Its difficult to be romantic about the sea when it makes you vomit up your breakfast. When it robs you of days, weeks, months and years that you could be spending in the warm bosom of your loved ones. And its hard to be romantic about the sea when it promises riches, full pockets, fast cars, bang-up weekends on the lash, paid-off mortgages, but actually delivers disappointment, debt and resentment.
The sea is a complicated place – a mixture of wonder, awe, boredom, unspeakable beauty and addictive seduction.
Rhona’s beautiful, haunting, funny and insightful images do a fantastic job of capturing the whole gamut of feelings and experiences that the sea forces upon the men who make their living, by choosing to live some of their lives at the mercy of the biggest natural untamed force on this planet.

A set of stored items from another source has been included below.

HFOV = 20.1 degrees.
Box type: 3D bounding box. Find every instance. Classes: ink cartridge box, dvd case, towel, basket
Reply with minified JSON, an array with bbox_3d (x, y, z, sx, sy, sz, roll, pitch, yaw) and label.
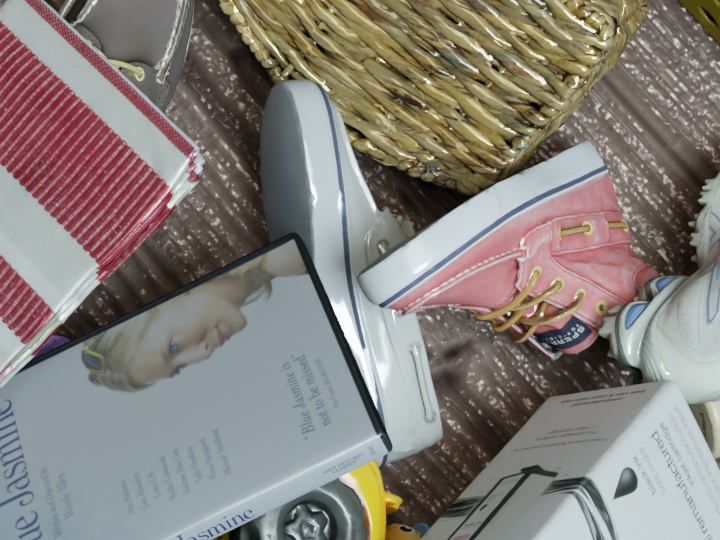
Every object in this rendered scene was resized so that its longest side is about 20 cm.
[{"bbox_3d":[0.097,0.166,0.928,0.200,0.084,0.146,-43,111,-42],"label":"ink cartridge box"},{"bbox_3d":[-0.097,0.073,0.938,0.199,0.018,0.143,-26,45,1],"label":"dvd case"},{"bbox_3d":[-0.185,-0.024,0.973,0.200,0.023,0.144,-47,69,0],"label":"towel"},{"bbox_3d":[0.032,-0.142,1.068,0.200,0.149,0.143,40,111,2],"label":"basket"}]

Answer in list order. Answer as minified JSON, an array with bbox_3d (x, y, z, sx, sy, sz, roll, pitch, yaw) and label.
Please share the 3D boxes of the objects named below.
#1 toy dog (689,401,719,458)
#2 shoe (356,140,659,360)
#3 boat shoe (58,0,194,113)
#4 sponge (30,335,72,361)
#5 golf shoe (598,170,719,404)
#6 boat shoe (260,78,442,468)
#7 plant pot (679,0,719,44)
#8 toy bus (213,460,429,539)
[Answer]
[{"bbox_3d":[0.240,0.118,1.026,0.132,0.096,0.200,-38,86,-12],"label":"toy dog"},{"bbox_3d":[0.081,0.003,1.001,0.200,0.071,0.091,-27,87,-53],"label":"shoe"},{"bbox_3d":[-0.137,-0.080,1.019,0.072,0.060,0.200,30,84,-12],"label":"boat shoe"},{"bbox_3d":[-0.188,0.083,1.009,0.199,0.030,0.112,10,77,-5],"label":"sponge"},{"bbox_3d":[0.207,0.002,1.021,0.200,0.097,0.078,-51,121,-37],"label":"golf shoe"},{"bbox_3d":[0.000,0.000,1.020,0.066,0.072,0.201,-14,94,-22],"label":"boat shoe"},{"bbox_3d":[0.249,-0.196,1.051,0.176,0.200,0.200,-43,87,-2],"label":"plant pot"},{"bbox_3d":[0.005,0.184,0.973,0.191,0.136,0.201,14,74,-18],"label":"toy bus"}]
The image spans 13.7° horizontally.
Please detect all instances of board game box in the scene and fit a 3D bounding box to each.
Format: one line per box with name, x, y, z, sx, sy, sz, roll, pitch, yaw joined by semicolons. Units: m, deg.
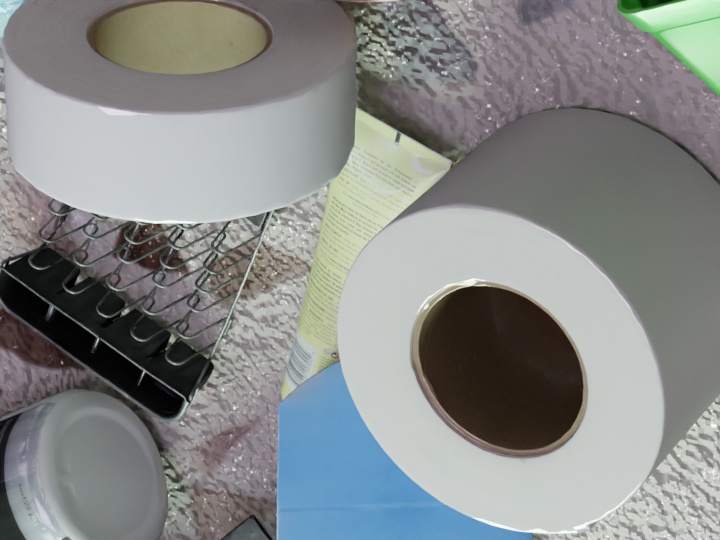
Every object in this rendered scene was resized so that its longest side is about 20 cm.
board game box;0.025;0.135;1.819;0.158;0.039;0.201;-2;108;-9

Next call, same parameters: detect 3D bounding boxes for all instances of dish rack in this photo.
dish rack;-0.133;-0.023;1.856;0.153;0.055;0.200;34;128;11

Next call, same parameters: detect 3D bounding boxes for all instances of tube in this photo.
tube;0.000;0.000;1.792;0.058;0.052;0.200;7;123;-13

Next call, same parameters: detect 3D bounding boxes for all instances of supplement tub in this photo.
supplement tub;-0.233;0.160;1.975;0.200;0.123;0.123;-22;102;38

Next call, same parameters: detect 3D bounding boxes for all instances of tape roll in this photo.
tape roll;0.106;0.027;1.676;0.202;0.139;0.203;15;123;24
tape roll;-0.101;-0.104;1.697;0.202;0.202;0.071;16;122;24

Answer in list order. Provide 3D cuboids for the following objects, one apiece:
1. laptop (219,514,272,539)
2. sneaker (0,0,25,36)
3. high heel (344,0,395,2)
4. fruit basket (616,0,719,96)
laptop;-0.041;0.263;1.917;0.177;0.200;0.103;-39;49;32
sneaker;-0.209;-0.186;1.812;0.200;0.074;0.082;-5;128;39
high heel;-0.034;-0.216;1.680;0.200;0.067;0.096;26;138;34
fruit basket;0.224;-0.201;1.485;0.215;0.156;0.216;15;138;14

Thona’s is a very personal perspective of the people who have the courage and audacity to drag life out of the sea and sell it to all of us who delight in eating her bounty. And of course, it’s easy to be romantic about the sea with a mouthful of warm tangy crab flesh between your lips. It’s not so easy to be romantic about the sea when you’ve bust your hole pulling those same crabs out of her depths.

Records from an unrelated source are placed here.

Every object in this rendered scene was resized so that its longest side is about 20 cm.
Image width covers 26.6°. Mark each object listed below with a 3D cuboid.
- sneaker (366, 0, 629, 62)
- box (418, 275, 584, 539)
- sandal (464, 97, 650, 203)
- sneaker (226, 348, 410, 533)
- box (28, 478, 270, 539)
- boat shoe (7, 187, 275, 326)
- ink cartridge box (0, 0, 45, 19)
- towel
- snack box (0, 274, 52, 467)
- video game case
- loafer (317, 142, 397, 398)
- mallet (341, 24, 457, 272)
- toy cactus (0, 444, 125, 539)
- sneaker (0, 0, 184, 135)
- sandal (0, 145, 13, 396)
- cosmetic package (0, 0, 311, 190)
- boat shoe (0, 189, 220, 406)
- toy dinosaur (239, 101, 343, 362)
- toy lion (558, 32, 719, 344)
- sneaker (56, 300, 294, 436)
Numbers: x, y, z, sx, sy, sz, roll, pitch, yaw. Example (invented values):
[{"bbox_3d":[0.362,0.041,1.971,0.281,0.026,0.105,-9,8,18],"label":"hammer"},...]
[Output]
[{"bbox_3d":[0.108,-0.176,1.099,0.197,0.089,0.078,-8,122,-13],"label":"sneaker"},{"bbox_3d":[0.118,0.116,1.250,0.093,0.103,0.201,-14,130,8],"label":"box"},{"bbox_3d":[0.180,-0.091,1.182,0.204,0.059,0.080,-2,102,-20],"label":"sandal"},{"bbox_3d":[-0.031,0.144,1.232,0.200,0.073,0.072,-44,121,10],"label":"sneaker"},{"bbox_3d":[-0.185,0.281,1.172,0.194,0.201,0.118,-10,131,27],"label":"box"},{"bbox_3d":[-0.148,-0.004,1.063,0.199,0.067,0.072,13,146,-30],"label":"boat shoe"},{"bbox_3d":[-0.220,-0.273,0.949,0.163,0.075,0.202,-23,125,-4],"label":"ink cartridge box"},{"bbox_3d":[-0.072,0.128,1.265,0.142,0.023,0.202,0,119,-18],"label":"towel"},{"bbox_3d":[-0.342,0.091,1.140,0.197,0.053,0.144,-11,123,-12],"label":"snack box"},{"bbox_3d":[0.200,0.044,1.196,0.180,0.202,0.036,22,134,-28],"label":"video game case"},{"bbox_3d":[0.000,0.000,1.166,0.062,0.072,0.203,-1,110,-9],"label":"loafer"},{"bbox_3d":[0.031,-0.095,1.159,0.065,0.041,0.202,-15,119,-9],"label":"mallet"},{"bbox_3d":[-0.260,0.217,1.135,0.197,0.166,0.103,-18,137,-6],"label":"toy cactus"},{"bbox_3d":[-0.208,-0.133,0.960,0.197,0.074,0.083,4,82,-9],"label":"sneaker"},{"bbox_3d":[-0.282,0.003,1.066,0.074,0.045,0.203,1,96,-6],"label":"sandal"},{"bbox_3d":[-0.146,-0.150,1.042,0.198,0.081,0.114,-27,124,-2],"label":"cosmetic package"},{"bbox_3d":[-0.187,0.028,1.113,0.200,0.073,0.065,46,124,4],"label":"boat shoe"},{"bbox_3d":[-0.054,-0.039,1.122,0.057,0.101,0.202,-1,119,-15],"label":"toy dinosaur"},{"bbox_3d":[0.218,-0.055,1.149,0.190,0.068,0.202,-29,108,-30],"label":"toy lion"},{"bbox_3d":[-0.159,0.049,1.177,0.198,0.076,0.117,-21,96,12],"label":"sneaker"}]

Rhona’s photographs remind me why I love the sea. And also why I fear it.
Text by Nick Fisher
About the author:
Rhona McDade was born in 1994 in the small seaside town of Brixham, Devon. She is now living and working in London having recently graduated from Westminster University in 2016 with a first class honours in Contemporary Media Practice. Her passion for photography and curiosity about her father’s work as a deep sea fisherman led to her creating this project. She boarded the same deep-sea crabbing vessel her father once worked on and documented the fishermen whilst they worked at sea in the German Bite, Holland.